As a big and vastly populated continent with a thin domestic capital market, but great investment opportunities in front of us, our reliance continues today. It is integral to the development of our capital intensive resources and energy projects.
It will help us realise the enormous unfulfilled potential in agriculture in this the century of food and water security, and to develop Northern Australia which has so much to offer in support of our continued economic growth.
As a new government in Australia, we have a clear message to global investors – we unambiguously welcome investment from abroad. We are open for business.
Our objective is to create the most stable and conducive environment possible for investment.
There is a new appetite in many countries to pursue trade and investment as the drivers of growth and job creation. In Australia our central objective is to displace big government from the centre of economic policy and replace it with robust growth driven by the private sector.
We have also taken a series of difficult decisions to end government hand-outs to struggling enterprises, because it is not the role of government to indefinitely prop up uncompetitive business practices and delay inevitable adjustments. Rather, as a government, we are committed to playing to our strengths. And there, the stars are aligning for Australia.
A significant report was recently released by Deloitte: Positioning for prosperity – Catching the next wave. The key insight in this report is that Australia’s major strengths – our areas of comparative advantage – align with the major areas of projected global demand and growth in the years ahead, including gas, tourism and agribusiness.
The focus on export and investment has now shifted to the domestic consumption of an exploding middle class. In recent decades China has lifted some 500 million people out of poverty – this is something unprecedented in human history. The Chinese middle class is hurtling towards one billion within 20 years. This growth will drive extraordinary consumer demand and open up new opportunities for Australia.
This will be the century of food and water security and Australian agriculture has enormous prospects.
We have a world-class agriculture sector and an enviable reputation for ‘clean and green’ produce. Currently we help feed 60 million people per year and our exports of agricultural technology and services help feed a further 400 million.

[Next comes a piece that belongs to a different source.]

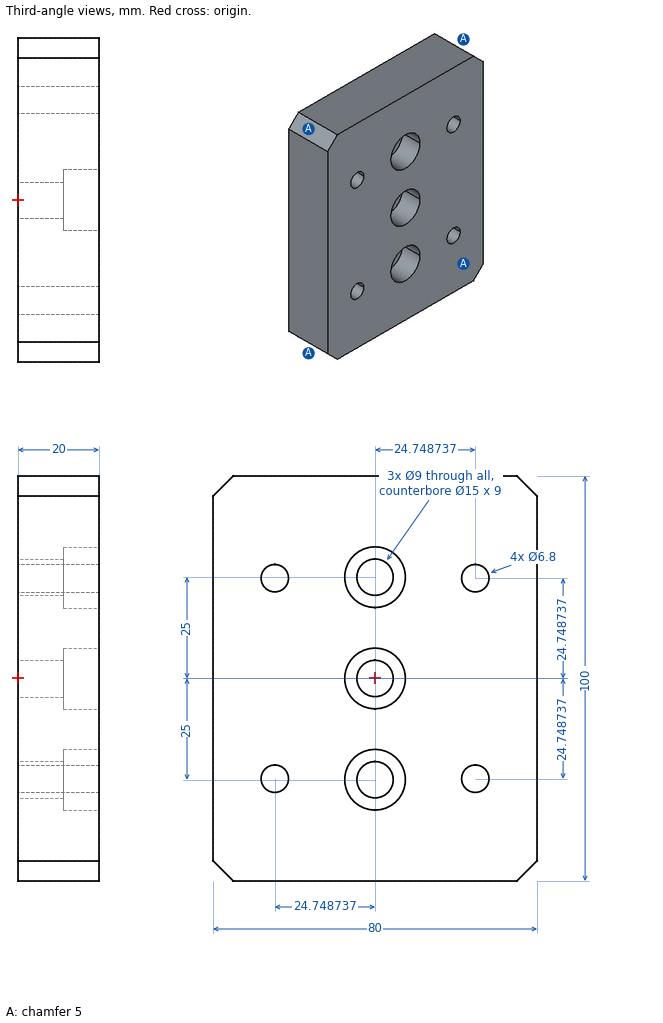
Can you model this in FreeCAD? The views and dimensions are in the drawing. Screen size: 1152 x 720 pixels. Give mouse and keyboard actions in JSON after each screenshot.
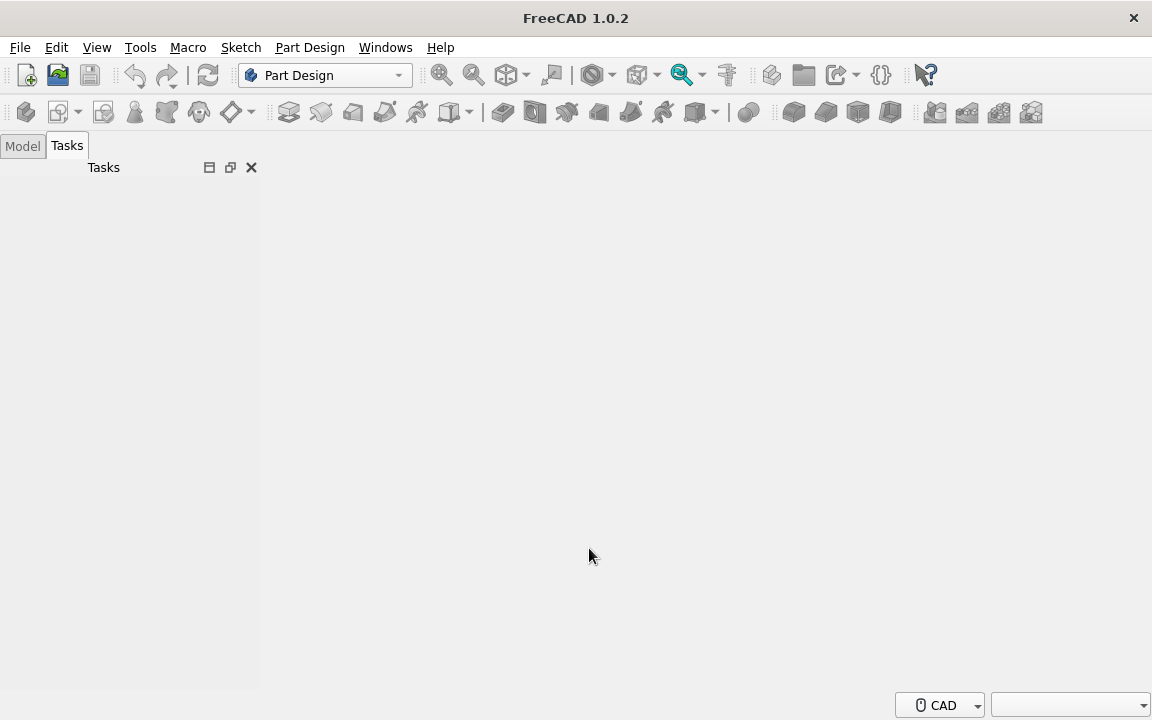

We should be striving to double those numbers.
In 2012, we exported 90,000 tonnes of red meat to China. In 2013 we exported 265,000 tonnes. Consider the emerging demand for Western milk powder to feed the 18 million plus babies born in China alone, let alone the broader middle class Asian demand.
Our neighbours in New Zealand secured a free trade agreement (FTA) with China in 2007 – since then their dairy exports to China have grown by $2.2 billion. Meanwhile, Australia’s, in the absence of a China FTA, have grown by less than $70 million.
But now, an FTA with China seems within our grasp and anticipating this we are already seeing substantial Asian investment into the Australian dairy sector.
There is enormous scope for new investment in Australian agriculture, including joint ventures. We are seeing significant new Chinese investment to expand the iconic Ord River irrigation project in Australia’s north. There is an estimated 152,000GL in total surface water run-off in the North. Currently we only capture around 2 per cent – if we could capture and use even 6 per cent, we could feed millions more as a food bowl for Asia.
As a country we are determined to compete at the quality end in what we do, whether it is six star tourism experiences or premium quality produce.
The key message is that Australia is very much open for business. We have a range of strengths and investment opportunities that mesh well with the exploding demand of the Asia Pacific.
We are working hard to open new markets to trade through FTAs, and as a government we are committed to providing the best environment possible to invest.